Hey there, fellow machine learning enthusiasts! I’m working on my MSc thesis and I’ve stumbled upon a common dilemma in model evaluation. I’m using autoencoders for unsupervised fraud detection on the Kaggle credit card dataset. I’ve trained 8 different architectures, each with 8 different thresholding strategies. The problem is, one of my strategies is designed to find the best F1 score on the validation set, which makes it the obvious winner when I compare all strategies on the same set.
So, I’m left wondering: is it valid to use the test set to compare all the strategies and pick the best ones?
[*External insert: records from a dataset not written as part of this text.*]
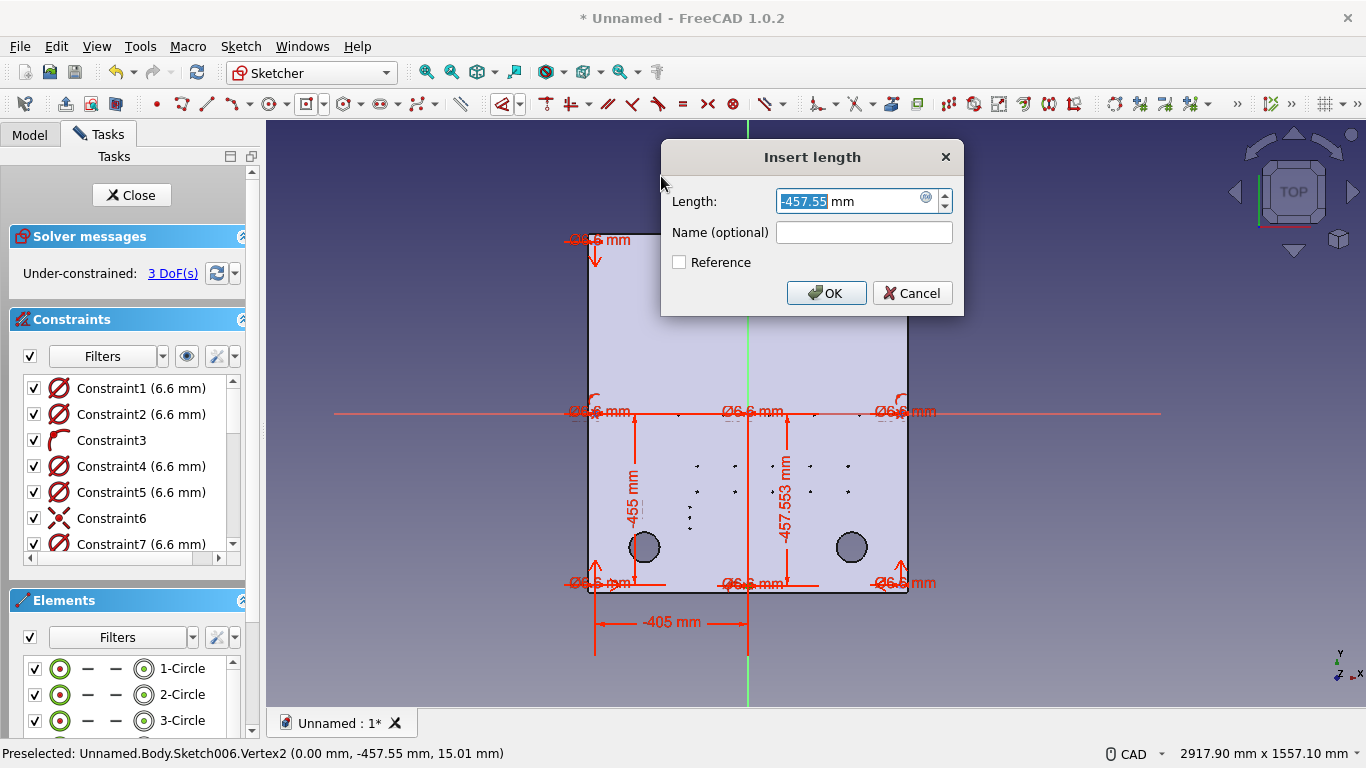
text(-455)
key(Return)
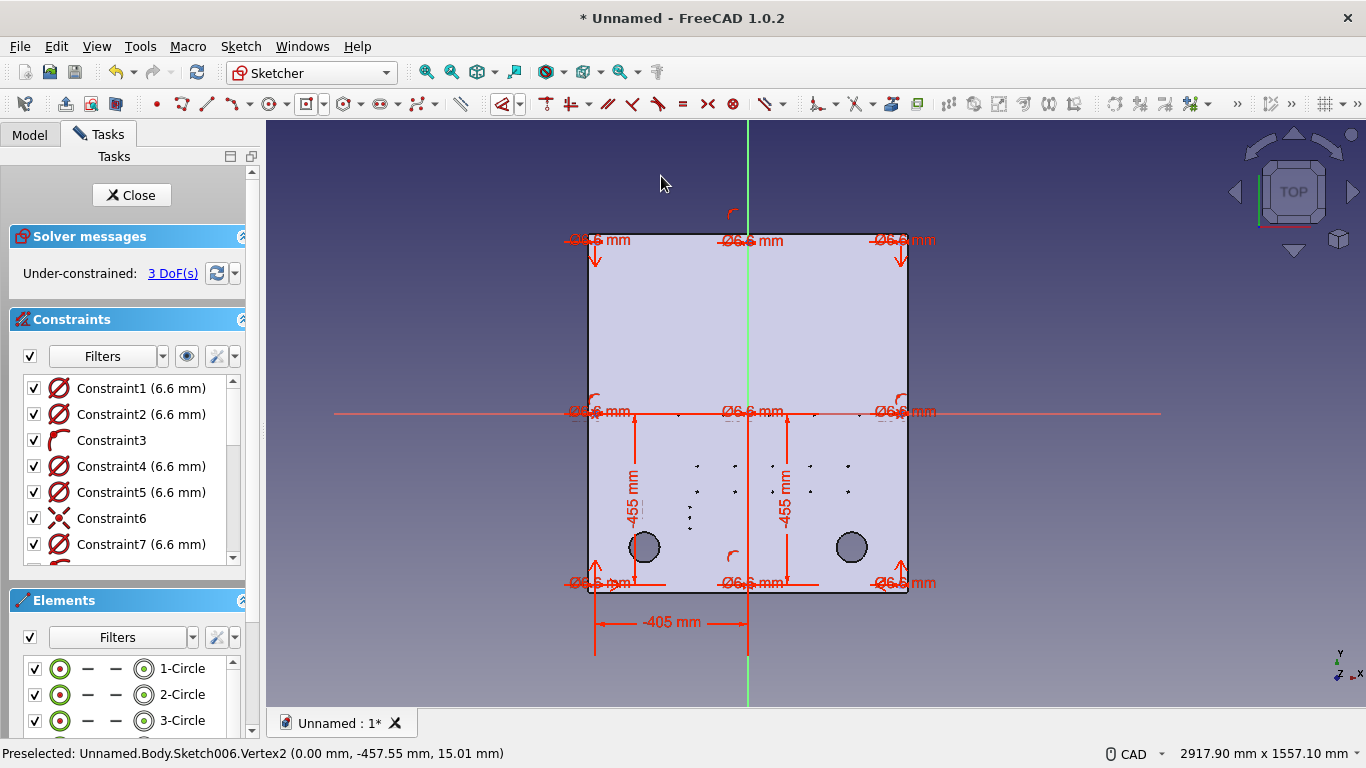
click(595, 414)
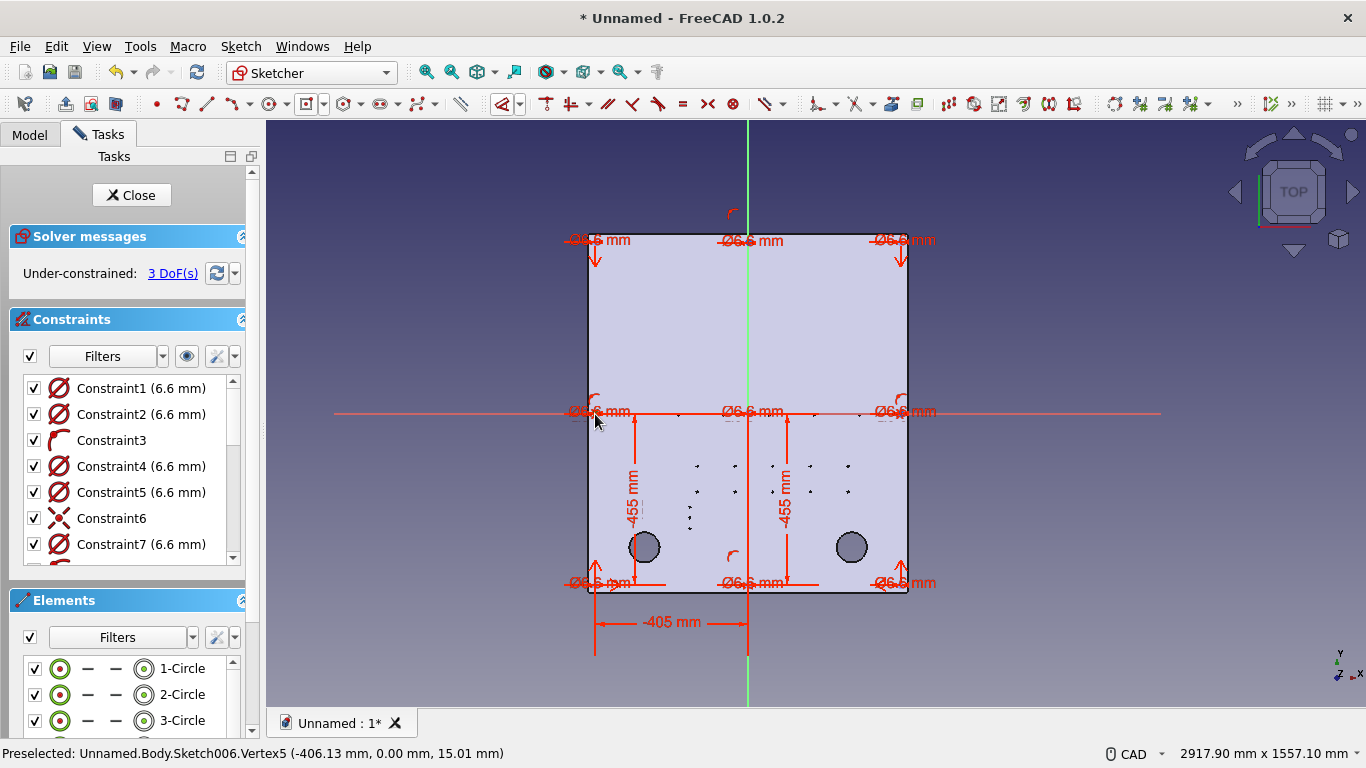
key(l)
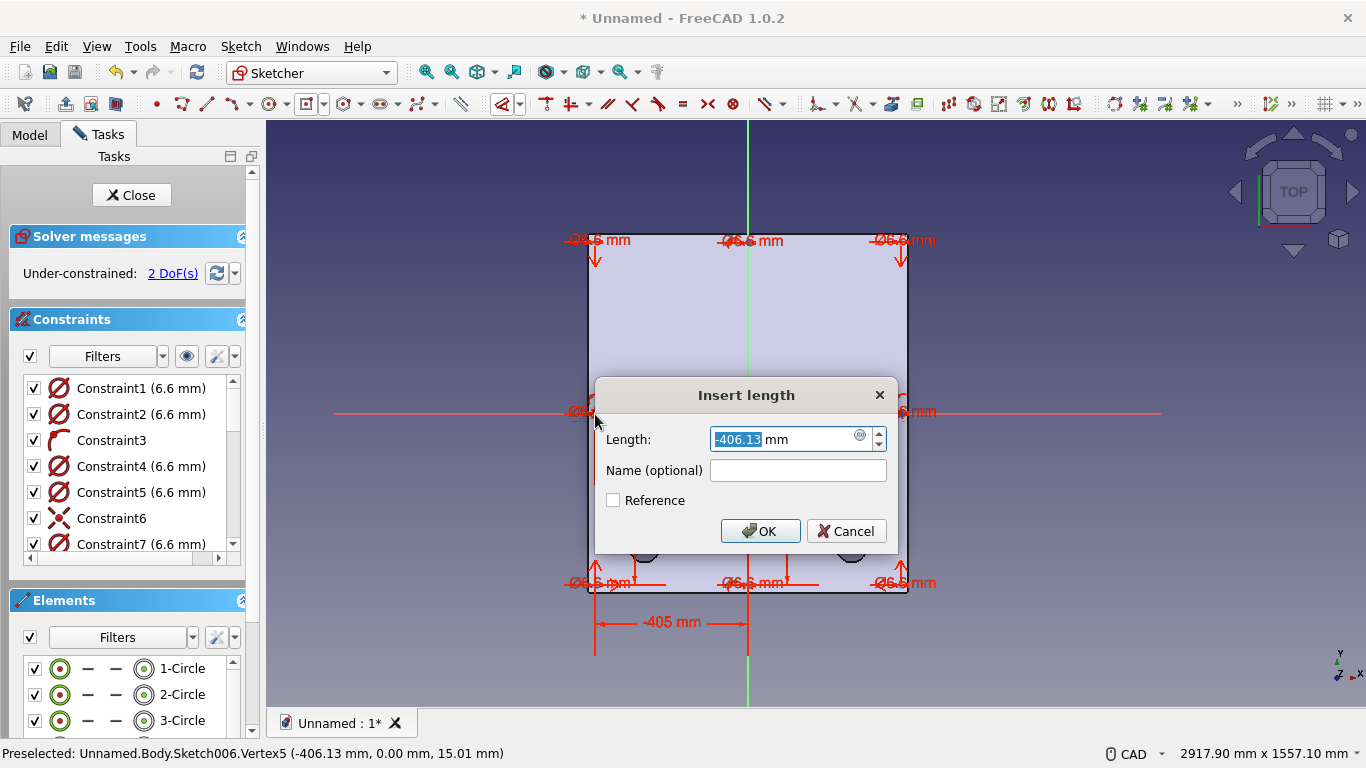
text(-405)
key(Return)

I wouldn’t be tuning anything on the test set, just comparing frozen models and thresholds. I’ve saved all the model states, threshold values, and predictions on both the validation and test sets.
The question is, would I be risking data leakage or overfitting by doing so? Or is it a legitimate way to evaluate my models? Let’s dive in and explore the possibilities.
In essence, I’m trying to avoid overfitting and ensure that my models generalize well to new, unseen data. By using the test set to compare strategies, I’m hoping to get a more accurate picture of which models perform best in real-world scenarios.
But, I’m also aware that this approach might lead to data leakage, where my models inadvertently learn from the test data and become biased towards it. This would render my evaluation invalid and compromise the integrity of my research.
So, what do you think? Is using the test set to compare strategies a valid approach, or should I explore other evaluation methods to avoid data leakage and overfitting?